Wall Street’s strong recovery this year has helped fuel a surge in corporate deals. So far this year, there have been $711 billion in mergers and acquisitions in the U.S., the fastest start to a year on record, according to Dealogic.

The market has also been rewarding some technology companies since their highly anticipated stock market debuts. All told, 34 IPOs have been completed this year, raising $9.5 billion, down from 55 that raised $18.5 billion in the same period last year, said Kathleen Smith, principal at Renaissance Capital, a provider of pre-IPO research and IPO exchange-traded funds.

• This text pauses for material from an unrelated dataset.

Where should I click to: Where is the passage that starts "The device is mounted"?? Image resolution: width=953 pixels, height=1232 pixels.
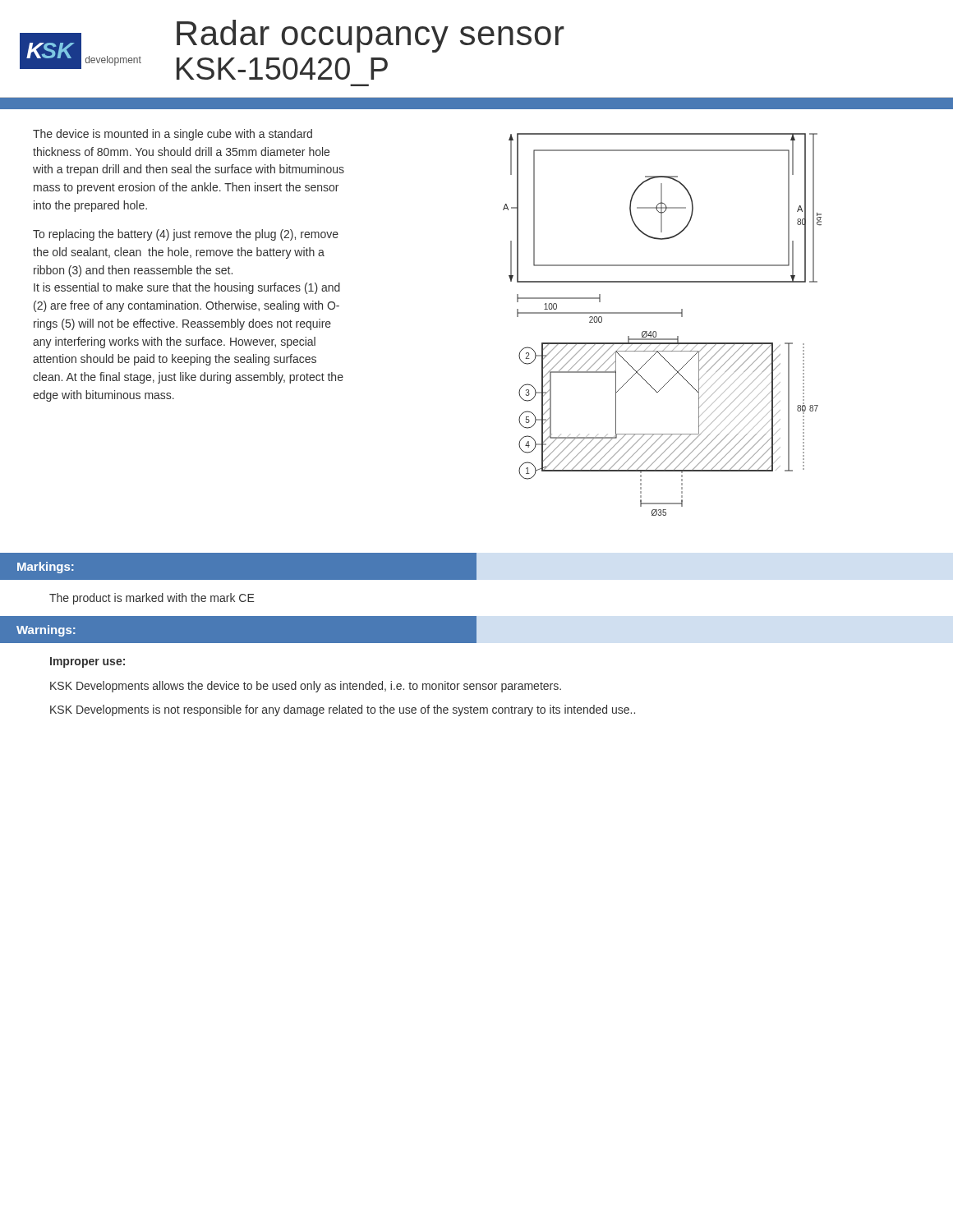click(x=189, y=265)

On Friday, gains in financial, healthcare and other sectors offset losses in technology stocks. ExxonMobil slid 2.1% after the oil company’s first-quarter profit fell by half, missing forecasts because of higher spending on oil production and lower margins in its refinery business. Exxon was part of a broad slide in energy-sector stocks Friday.

Brent crude, the international standard, fell 3% to close at $72.15 per barrel.

Gold rose 0.7% to $1,288.80 an ounce, silver gained 0.8% to $15.01 an ounce and copper added 0.9% to $2.89 per pound.

The dollar slipped to 111.61 Japanese yen from 111.62 yen late Thursday. The euro strengthened to $1.1154 from $1.1128.